[Opening RECORDS PROVIDED section]
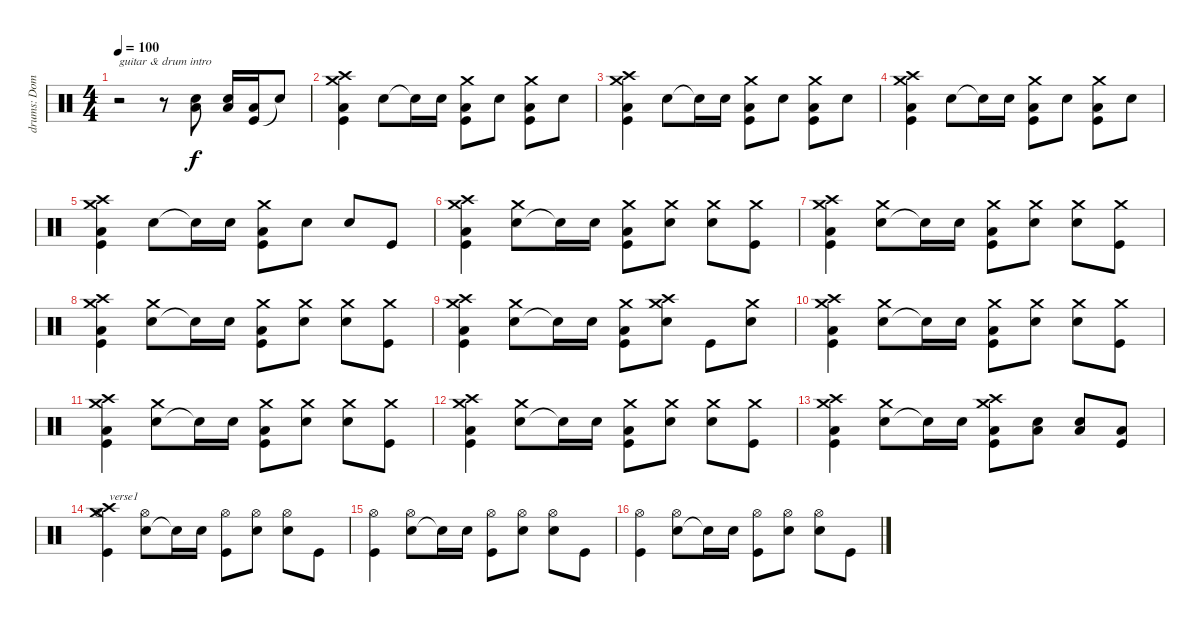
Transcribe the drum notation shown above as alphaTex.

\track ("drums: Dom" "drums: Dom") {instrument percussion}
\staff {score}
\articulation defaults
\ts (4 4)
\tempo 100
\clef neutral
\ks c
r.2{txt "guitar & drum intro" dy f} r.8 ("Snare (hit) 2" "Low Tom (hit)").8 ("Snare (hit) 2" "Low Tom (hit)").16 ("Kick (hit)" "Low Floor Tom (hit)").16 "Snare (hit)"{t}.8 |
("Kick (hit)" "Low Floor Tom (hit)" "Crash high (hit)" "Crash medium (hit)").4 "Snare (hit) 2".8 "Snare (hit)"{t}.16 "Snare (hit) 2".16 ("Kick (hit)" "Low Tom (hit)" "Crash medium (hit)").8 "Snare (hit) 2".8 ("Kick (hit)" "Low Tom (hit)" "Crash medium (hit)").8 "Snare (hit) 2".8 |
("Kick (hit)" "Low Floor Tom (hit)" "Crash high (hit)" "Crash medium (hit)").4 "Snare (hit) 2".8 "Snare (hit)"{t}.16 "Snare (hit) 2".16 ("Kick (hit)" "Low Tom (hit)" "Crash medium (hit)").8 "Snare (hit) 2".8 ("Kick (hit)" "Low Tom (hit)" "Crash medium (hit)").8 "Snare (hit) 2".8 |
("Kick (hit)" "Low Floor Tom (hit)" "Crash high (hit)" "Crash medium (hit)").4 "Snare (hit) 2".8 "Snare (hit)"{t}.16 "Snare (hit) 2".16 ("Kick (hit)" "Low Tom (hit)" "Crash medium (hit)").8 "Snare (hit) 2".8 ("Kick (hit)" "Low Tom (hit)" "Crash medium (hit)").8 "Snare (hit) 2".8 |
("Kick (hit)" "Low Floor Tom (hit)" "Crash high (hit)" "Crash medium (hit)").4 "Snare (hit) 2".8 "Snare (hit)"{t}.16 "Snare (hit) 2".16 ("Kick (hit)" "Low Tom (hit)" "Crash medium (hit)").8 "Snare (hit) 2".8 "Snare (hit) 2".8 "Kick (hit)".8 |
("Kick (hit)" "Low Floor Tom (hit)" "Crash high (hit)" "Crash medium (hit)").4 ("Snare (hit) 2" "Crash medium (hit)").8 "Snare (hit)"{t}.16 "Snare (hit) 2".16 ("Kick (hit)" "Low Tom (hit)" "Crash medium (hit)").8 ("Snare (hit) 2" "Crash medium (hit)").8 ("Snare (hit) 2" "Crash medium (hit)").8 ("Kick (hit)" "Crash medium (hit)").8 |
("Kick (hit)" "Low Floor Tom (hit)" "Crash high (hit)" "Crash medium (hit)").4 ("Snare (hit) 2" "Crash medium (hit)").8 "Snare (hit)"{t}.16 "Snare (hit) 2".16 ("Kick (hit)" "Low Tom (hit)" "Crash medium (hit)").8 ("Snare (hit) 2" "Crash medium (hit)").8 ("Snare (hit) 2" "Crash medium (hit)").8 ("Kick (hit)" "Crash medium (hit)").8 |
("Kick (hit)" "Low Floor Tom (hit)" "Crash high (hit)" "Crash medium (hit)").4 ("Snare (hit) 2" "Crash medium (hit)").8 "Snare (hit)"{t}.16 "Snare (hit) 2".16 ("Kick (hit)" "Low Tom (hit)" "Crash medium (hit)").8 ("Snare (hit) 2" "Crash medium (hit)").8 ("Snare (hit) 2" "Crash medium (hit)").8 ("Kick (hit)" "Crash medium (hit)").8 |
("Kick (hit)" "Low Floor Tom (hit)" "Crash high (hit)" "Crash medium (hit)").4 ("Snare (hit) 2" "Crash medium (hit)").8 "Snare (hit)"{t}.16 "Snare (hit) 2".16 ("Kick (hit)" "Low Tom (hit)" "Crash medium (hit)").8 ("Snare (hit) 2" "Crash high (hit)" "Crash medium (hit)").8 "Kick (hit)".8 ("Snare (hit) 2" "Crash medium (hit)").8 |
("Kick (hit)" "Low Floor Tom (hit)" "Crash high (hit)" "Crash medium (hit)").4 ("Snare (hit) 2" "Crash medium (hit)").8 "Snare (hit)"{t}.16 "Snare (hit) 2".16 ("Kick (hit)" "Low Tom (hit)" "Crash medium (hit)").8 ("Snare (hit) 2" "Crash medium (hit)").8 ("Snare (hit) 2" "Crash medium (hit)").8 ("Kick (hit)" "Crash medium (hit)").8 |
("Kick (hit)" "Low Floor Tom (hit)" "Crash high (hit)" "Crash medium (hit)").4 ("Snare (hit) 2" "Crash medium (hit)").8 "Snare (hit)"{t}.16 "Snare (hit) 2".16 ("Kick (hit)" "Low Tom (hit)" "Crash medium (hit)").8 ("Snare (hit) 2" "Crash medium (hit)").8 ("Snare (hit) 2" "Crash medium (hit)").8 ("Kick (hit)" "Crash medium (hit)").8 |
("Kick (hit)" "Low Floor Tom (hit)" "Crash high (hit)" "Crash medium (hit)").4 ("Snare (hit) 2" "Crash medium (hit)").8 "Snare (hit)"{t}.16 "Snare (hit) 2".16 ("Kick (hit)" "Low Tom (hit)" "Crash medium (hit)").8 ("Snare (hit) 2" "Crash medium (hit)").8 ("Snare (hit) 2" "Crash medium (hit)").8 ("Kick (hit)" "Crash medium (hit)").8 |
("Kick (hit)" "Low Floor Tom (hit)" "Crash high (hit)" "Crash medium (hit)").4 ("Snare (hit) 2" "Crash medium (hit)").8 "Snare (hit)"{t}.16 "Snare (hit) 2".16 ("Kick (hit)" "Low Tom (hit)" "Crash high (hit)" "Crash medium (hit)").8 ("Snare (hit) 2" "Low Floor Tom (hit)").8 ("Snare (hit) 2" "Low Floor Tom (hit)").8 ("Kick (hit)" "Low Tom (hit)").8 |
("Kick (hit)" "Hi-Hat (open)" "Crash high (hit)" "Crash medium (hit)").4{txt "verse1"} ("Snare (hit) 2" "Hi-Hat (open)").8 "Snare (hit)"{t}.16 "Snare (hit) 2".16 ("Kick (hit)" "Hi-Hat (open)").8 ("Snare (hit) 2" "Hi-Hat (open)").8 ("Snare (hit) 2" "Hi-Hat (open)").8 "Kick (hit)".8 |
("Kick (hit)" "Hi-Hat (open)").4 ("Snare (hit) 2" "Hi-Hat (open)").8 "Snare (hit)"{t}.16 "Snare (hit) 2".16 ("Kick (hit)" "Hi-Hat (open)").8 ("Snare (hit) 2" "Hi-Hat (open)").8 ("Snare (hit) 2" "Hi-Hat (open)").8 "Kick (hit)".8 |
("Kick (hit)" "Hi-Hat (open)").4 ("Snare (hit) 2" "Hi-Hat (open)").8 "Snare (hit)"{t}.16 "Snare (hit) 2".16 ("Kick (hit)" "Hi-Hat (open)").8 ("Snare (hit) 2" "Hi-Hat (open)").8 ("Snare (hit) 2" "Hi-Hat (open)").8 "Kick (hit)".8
[Closing RECORDS PROVIDED section]
[Opening RECORDS PROVIDED section]
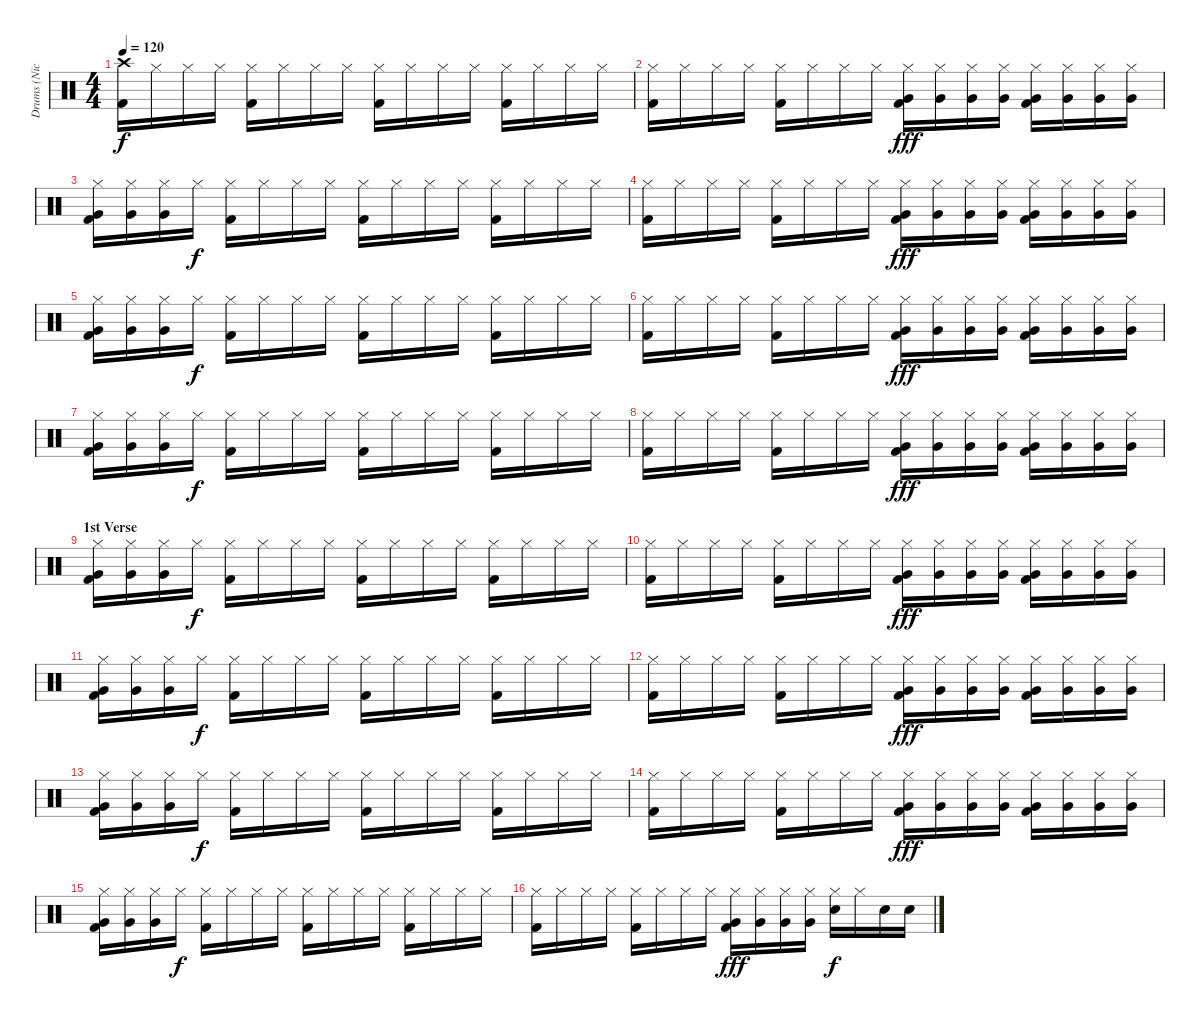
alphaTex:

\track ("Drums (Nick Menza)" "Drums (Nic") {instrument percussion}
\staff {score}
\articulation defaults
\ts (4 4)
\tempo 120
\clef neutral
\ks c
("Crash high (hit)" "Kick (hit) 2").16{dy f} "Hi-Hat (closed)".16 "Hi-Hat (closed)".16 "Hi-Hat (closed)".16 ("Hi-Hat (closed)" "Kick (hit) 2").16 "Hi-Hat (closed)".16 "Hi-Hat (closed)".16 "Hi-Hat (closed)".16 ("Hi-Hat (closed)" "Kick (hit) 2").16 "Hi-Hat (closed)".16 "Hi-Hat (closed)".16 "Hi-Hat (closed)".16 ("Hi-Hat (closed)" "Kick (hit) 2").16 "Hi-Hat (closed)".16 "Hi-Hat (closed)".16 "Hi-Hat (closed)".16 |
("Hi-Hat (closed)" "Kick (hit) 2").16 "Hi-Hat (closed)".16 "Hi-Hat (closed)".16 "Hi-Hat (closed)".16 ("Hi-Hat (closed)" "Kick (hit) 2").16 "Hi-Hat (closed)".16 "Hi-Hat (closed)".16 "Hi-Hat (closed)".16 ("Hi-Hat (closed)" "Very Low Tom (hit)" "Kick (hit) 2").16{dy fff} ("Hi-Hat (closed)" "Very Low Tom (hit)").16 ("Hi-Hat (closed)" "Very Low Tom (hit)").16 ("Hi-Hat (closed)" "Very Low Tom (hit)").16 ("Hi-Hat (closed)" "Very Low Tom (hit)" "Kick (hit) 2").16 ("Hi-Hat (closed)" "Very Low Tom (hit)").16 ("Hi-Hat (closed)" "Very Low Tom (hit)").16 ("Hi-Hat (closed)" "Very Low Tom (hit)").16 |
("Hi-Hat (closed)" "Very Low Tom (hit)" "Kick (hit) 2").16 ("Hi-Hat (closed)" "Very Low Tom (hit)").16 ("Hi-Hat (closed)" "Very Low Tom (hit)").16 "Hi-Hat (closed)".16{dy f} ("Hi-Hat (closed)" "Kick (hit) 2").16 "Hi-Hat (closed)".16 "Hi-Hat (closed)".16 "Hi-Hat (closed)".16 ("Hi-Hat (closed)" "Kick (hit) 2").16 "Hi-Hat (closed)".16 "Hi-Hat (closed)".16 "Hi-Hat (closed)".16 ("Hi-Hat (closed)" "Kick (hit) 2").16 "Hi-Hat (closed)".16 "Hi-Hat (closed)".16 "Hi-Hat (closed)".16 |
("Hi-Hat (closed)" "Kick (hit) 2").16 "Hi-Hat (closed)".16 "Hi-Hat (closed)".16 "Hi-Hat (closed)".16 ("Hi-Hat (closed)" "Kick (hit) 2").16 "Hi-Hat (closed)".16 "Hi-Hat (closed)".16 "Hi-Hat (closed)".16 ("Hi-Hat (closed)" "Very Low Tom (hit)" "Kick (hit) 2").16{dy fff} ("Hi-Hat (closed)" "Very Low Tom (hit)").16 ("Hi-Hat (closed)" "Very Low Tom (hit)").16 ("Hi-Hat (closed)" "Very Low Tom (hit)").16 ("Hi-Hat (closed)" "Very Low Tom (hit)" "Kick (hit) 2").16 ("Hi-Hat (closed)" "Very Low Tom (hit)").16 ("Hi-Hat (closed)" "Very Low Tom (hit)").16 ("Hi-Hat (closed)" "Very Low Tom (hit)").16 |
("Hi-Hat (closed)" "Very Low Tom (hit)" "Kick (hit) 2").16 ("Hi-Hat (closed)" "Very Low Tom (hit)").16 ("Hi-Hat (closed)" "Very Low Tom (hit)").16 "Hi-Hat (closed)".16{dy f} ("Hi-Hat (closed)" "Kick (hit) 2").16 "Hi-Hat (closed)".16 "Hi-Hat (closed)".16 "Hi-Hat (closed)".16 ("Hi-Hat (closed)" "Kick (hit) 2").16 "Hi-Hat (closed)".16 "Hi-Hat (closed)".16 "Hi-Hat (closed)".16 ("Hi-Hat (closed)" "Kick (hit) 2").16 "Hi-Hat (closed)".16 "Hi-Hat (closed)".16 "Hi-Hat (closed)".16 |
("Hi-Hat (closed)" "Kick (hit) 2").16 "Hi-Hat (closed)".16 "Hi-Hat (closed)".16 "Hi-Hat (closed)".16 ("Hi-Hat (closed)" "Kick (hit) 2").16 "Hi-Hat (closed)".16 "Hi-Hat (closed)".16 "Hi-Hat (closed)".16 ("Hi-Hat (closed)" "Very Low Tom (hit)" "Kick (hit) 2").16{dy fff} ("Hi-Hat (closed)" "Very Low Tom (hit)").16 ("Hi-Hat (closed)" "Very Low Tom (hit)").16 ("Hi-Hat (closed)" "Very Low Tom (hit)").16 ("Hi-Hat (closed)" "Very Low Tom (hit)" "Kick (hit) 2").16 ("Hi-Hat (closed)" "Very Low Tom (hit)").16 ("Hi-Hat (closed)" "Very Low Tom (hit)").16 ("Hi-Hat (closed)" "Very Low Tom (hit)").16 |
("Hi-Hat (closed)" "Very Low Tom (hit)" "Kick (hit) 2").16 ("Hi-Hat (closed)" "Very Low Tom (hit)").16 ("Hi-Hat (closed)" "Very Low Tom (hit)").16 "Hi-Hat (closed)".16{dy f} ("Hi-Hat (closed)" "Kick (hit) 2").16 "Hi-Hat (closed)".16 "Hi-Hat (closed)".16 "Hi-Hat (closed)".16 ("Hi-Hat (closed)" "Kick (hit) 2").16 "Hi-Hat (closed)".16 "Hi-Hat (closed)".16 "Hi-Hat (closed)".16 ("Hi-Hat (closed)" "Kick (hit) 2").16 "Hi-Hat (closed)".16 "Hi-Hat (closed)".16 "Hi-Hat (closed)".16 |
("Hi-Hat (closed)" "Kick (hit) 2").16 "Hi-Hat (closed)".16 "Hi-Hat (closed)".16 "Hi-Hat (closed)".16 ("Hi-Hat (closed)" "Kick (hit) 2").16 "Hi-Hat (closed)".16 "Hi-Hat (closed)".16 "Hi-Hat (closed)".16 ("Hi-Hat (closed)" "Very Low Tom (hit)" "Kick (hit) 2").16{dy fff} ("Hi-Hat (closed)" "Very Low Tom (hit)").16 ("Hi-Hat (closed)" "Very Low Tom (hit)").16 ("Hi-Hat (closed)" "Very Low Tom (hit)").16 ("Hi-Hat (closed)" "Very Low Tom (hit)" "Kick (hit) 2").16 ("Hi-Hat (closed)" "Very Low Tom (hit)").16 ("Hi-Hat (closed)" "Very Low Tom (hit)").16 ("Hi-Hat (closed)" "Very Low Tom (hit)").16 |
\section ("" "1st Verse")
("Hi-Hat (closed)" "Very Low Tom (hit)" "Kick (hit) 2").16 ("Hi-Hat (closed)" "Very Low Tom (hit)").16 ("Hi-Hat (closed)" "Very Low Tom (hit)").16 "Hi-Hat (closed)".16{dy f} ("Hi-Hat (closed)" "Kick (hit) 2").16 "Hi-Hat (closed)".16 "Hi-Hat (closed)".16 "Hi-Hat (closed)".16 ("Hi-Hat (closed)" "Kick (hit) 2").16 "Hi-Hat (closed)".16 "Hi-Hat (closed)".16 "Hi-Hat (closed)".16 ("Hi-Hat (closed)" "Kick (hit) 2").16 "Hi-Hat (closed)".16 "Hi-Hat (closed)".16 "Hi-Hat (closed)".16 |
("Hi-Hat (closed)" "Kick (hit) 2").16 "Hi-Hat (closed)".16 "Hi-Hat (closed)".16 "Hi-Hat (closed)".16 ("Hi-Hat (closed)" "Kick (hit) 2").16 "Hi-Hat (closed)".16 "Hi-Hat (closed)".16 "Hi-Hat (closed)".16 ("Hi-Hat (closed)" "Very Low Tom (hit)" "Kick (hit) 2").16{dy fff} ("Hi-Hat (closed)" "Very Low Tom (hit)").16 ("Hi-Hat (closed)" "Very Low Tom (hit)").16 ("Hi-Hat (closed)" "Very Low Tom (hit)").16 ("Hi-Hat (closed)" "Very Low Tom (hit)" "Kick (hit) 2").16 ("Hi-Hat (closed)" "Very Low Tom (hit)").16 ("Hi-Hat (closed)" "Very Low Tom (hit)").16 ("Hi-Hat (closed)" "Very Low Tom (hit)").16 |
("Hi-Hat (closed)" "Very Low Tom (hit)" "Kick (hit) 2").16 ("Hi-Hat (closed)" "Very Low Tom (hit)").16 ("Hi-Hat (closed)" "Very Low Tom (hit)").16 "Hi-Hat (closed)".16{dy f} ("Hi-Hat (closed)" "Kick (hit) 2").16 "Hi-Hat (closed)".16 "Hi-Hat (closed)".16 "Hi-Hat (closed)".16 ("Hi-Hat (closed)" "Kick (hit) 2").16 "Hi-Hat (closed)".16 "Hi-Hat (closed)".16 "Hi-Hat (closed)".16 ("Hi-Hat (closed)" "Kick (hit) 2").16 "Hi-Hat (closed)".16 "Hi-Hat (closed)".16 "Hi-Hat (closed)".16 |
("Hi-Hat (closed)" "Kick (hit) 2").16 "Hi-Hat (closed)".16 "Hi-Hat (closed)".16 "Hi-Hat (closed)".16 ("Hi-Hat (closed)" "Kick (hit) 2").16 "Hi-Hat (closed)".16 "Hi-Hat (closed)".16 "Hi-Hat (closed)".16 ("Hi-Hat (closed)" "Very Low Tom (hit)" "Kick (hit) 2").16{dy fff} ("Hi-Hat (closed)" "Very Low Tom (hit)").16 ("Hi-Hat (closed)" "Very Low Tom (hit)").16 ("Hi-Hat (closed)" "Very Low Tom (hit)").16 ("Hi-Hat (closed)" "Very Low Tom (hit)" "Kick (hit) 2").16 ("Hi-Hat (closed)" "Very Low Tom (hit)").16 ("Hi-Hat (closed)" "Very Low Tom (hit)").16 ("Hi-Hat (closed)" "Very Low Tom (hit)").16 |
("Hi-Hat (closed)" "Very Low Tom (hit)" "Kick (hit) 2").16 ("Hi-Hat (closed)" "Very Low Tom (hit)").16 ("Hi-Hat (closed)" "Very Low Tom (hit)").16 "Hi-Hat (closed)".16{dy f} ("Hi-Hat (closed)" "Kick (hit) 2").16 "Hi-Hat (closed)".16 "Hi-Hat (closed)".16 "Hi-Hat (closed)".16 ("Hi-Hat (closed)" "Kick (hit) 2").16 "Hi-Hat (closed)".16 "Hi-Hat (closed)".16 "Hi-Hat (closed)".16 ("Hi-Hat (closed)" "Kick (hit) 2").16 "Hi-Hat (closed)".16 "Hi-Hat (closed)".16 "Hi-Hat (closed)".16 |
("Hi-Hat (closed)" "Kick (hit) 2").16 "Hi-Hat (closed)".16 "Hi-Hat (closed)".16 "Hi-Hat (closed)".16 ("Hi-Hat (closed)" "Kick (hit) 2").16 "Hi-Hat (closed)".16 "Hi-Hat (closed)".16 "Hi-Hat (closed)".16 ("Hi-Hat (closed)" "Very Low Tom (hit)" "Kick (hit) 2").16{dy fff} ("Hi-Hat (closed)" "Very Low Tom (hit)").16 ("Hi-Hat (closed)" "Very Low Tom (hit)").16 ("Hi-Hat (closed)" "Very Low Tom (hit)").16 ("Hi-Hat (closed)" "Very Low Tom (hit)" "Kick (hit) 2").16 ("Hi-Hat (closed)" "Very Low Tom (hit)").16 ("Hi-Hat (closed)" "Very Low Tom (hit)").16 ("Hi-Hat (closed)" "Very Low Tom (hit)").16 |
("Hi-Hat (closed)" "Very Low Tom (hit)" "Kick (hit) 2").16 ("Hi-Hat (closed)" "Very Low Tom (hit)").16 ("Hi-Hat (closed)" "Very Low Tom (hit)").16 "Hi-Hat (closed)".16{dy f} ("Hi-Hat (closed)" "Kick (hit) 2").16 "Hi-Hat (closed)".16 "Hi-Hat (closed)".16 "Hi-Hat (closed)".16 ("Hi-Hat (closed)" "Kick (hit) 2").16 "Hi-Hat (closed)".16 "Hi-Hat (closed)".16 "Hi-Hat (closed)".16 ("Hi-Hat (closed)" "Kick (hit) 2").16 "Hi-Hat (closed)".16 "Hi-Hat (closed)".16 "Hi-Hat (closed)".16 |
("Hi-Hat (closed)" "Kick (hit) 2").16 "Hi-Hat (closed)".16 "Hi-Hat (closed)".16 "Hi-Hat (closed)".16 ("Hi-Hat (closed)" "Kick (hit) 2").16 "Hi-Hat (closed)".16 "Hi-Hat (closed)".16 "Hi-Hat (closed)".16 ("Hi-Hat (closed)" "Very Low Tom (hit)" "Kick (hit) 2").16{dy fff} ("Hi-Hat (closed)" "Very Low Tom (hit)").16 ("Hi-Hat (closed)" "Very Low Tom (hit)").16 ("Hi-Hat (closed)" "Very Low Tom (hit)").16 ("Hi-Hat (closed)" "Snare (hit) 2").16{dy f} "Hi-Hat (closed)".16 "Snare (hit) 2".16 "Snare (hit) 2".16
[Closing RECORDS PROVIDED section]
YOUR OBJECTIVE
Report each line of the material above where the word "instrument" appears.

RESPONSE FOR THIS EXERCISE
\track ("drums: Dom" "drums: Dom") {instrument percussion}
\track ("Drums (Nick Menza)" "Drums (Nic") {instrument percussion}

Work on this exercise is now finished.